Antalya’nın Alanya ilçesinde açıkta ve ört altında üretimi yapılan muzun üretim bahçeleri farklı ülkelerden 15 bilim insanı tarafından incelendi.

Antalya’nın Alanya ilçesinde açıkta ve ört altında üretimi yapılan muzun üretim bahçeleri farklı ülkelerden 15 bilim insanı tarafından incelendi.


İstanbul’da düzenlenen ’subtropikal koşullarda muz yetiştiriciliği’ sempozyumunun arazi ziyaretleri bölümüne Türkiye’nin en önemli muz üretim noktalarından olan Alanya ev sahipliği yaptı. Akdeniz Üniversitesi Ziraat Fakültesi ile Alanya Muz Üreticileri Birliği öncülüğünde gerçekleşen incelemede muz yetiştiriciliği, ıslah, hastalık ve zararlılarla mücadele konularında yapılan sunumların ardından, Alanya’da saha incelemesi gerçekleştirildi. Ziyaretin kafile başkanlığını Akdeniz Üniversitesi Ziraat Fakültesi Bahçe Bitkileri Bölümü Başkan Yardımcısı Prof. Dr Hamide Gübbük yaptı. Gübbük inceleme heyetine örtü altı alanda muz yetiştiriciliğinin ülkemizde nasıl yapıldığını anlattı, soruları yanıtladı.Dünyanın farklı ülkelerinden bilim insanları, Alanya’daki muz üretim ve paketleme tesislerine giderek incelemede bulundular. İnceleme sırasında diğer ülkelerde görülen bazı muz hastalıklarının Alanya’da görülmediği belirtildi.


Bilim insanları serada hem muz ağaçlarını hem de yetiştiricilikle ilgili diğer unsurları ayrıntılı olarak inceleme fırsatı buldu.
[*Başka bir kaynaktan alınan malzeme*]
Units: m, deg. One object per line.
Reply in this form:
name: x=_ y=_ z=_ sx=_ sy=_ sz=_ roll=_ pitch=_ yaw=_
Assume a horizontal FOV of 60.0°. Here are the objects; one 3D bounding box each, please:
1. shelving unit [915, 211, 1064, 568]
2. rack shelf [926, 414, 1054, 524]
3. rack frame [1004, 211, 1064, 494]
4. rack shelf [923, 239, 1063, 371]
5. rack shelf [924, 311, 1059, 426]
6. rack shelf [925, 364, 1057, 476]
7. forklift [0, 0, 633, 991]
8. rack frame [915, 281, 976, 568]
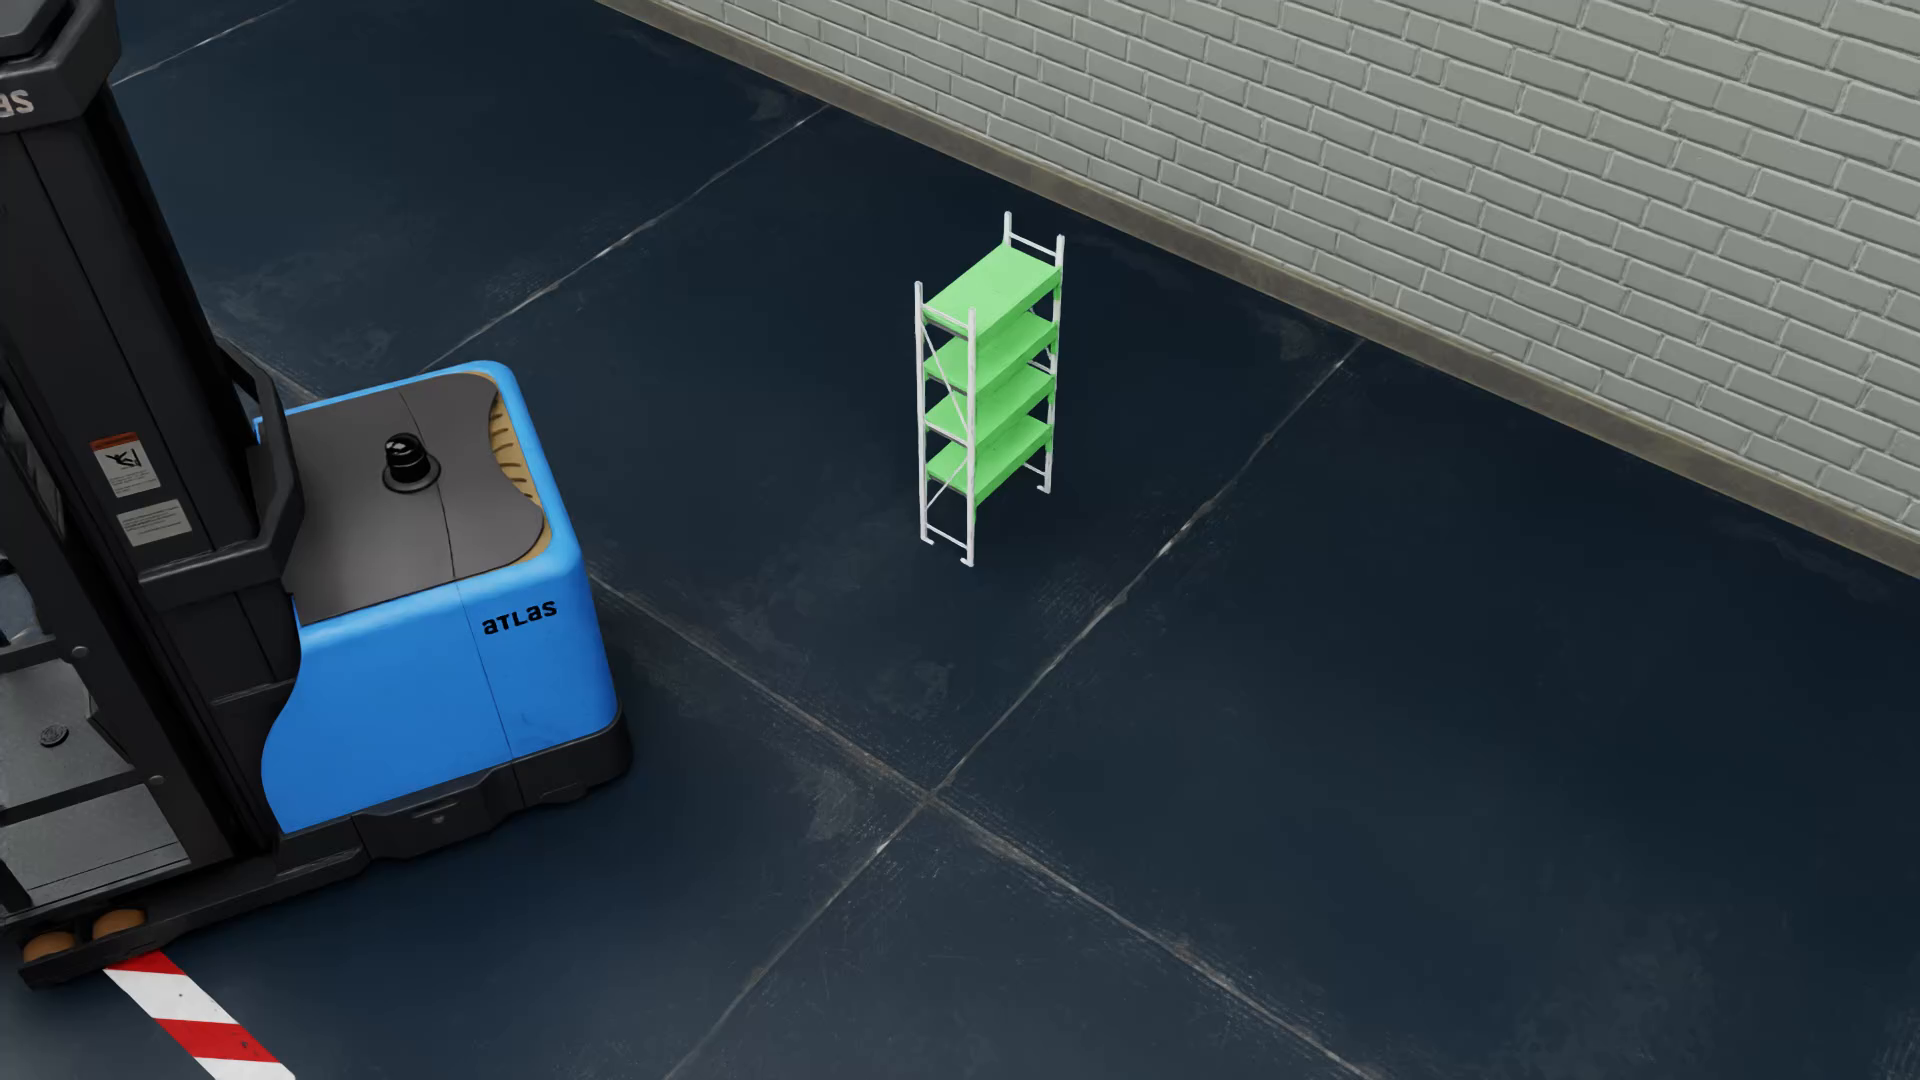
shelving unit: x=0.101 y=-0.509 z=5.907 sx=0.258 sy=1.200 sz=0.503 roll=29 pitch=53 yaw=25
rack shelf: x=0.101 y=-0.299 z=6.126 sx=0.258 sy=0.148 sz=0.480 roll=29 pitch=53 yaw=25
rack frame: x=0.250 y=-0.649 z=6.040 sx=0.240 sy=1.200 sz=0.015 roll=29 pitch=53 yaw=25
rack shelf: x=0.101 y=-0.797 z=5.606 sx=0.258 sy=0.148 sz=0.480 roll=29 pitch=53 yaw=25
rack shelf: x=0.101 y=-0.631 z=5.779 sx=0.258 sy=0.148 sz=0.480 roll=29 pitch=53 yaw=25
rack shelf: x=0.101 y=-0.465 z=5.953 sx=0.258 sy=0.148 sz=0.480 roll=29 pitch=53 yaw=25
forklift: x=-2.642 y=-0.123 z=4.341 sx=3.031 sy=2.935 sz=1.130 roll=-17 pitch=49 yaw=-16
rack frame: x=-0.048 y=-0.370 z=5.773 sx=0.240 sy=1.200 sz=0.015 roll=29 pitch=53 yaw=25
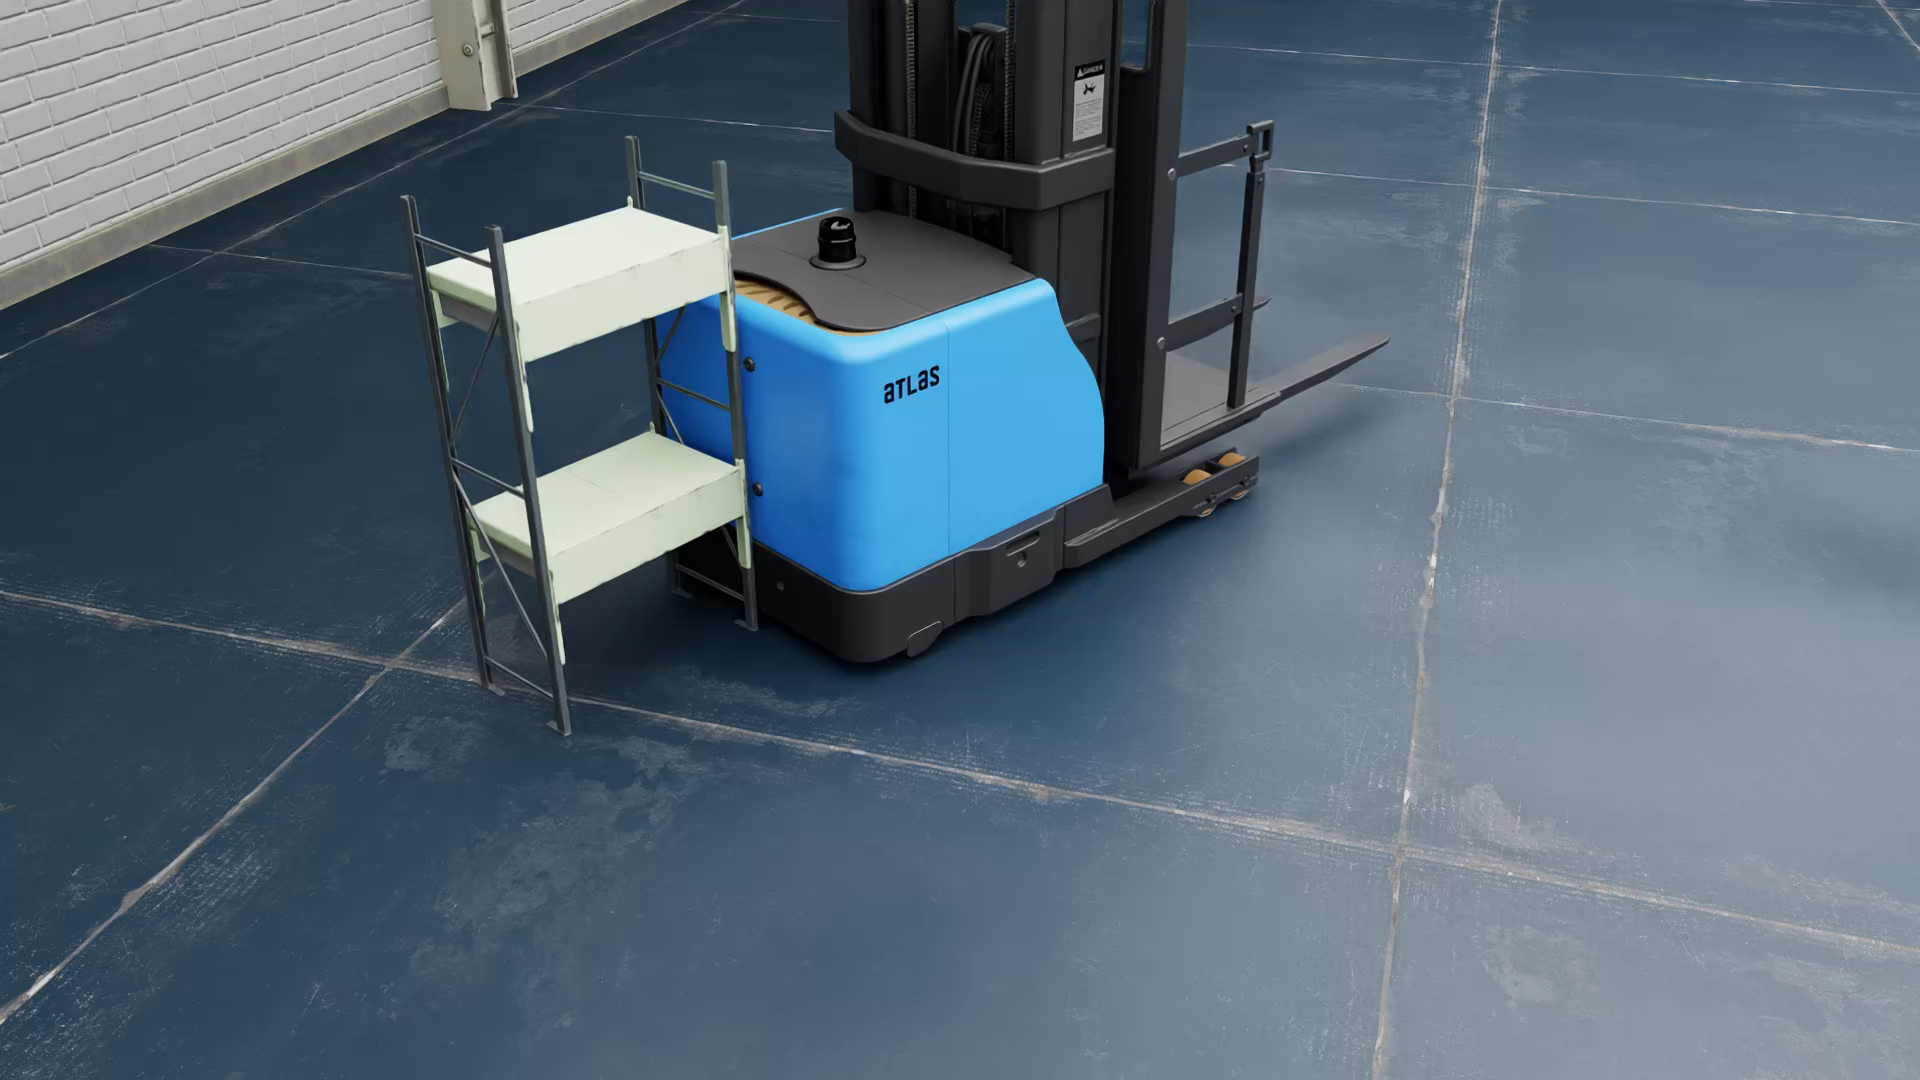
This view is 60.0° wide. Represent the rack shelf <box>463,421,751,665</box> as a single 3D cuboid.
[{"bbox_3d":[-1.031,-0.010,4.895,0.431,0.370,0.720,23,36,35],"label":"rack shelf"}]

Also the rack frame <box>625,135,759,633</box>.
[{"bbox_3d":[-0.793,-0.430,4.980,0.400,1.500,0.023,23,36,35],"label":"rack frame"}]

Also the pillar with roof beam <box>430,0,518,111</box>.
[{"bbox_3d":[0.977,-6.198,7.635,9.100,9.000,0.400,8,30,15],"label":"pillar with roof beam"}]

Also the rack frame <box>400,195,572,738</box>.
[{"bbox_3d":[-1.268,-0.159,4.494,0.400,1.500,0.023,23,36,35],"label":"rack frame"}]

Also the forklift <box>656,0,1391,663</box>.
[{"bbox_3d":[0.439,-1.524,5.475,3.031,2.935,1.130,-25,38,-37],"label":"forklift"}]

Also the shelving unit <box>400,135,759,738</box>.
[{"bbox_3d":[-1.031,-0.295,4.737,0.431,1.500,0.755,23,36,35],"label":"shelving unit"}]

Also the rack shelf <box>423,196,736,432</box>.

Yabancı misafirler inceleme esnasında bol bol fotoğraf çekti ve Gübbük’ün anlatımları kayıt altına aldı. Avustralya, Belçika, Brezilya, Burundi, Çin, Fransa, Mısır, Pakistan, Uganda gibi farklı ülkelerden 15 kişilik bilim insanı muz serası incelemesinin ardından kendi has aroması ile dikkat çeken açık alanda yapılan yetiştiriciliği gözlemleme fırsatı buldu.


“Küresel ısınma don riskini düşürdü”


Ülkemizde sadece sofralık muz yetiştirildiğini kaydeden Gübbük, “İstanbul’da 30’ncu dünya bahçe birlileri konferansını organize ettik. 30’un üzerinde konferans yapıldı ve bunlardan biriside muzla ilgiliydi. Tropik ve subtropik farklı ülkelerden araştırmacılarla muzun yetiştiriciliğinin yoğun olduğu Alanya’da arazi gezisi düzenledik. Dünya’da birçok ülkeyi gezdim. Dünya ile kıyasladığımızda ülkemizde muzun geldiği yer şuan çok iyi düzeyde. Özellikle tropik ülkelerde hastalık ve zararlılar mücadele varken bizde çevre stresi vardı düşük sıcaklığınetkisiyle don zararını görüyorduk. Ancak son yıllarda global ısınmanın da etkisiyle don zararları gittikçe azalmaya başladı. Kalitede ilerleme var. Özellikle tüketicinin sofrasına gelinceye kadar aşamada kat edecek yolumuz var. Yetiştiricilikte dünya standartlarını yakaladığımız düşünüyorum. Pazarlamasında da iyi bir yere geleceğimizi düşünüyorum” dedi.


“Muz mutluluk veriyor”


Pişirilerek yenen (plantain) muzun da olduğunu ifade eden Gübbük,”Aslında pişirilerek yenen muz, alternatif sebze çok olduğu için yaygın değil. Bizde patates, pirinç neyse özellikle Uganda ve Hindistan’da plantein O. Bizde sofralık var ilerde belki bizde yaparız. Biz biraz yiyecek içecek konusunda biranda alışamayız tıpkı avokadoda olduğu gibi. Ülkemize geleli uzun zaman olmasına rağmen son yıllarda popüler oldu. Pişirilerek yenen muzları deneyip göreceğiz. Özellikle muz potasyum bakımında ve bazız mikro elementler bakımında zengin. Özellikle serotonin salgılayarak mutluk veriyor. Kendimde hem yiyorum hem yetiştiriyorum belki o sebepten her zaman pozitifim” diye konuştu.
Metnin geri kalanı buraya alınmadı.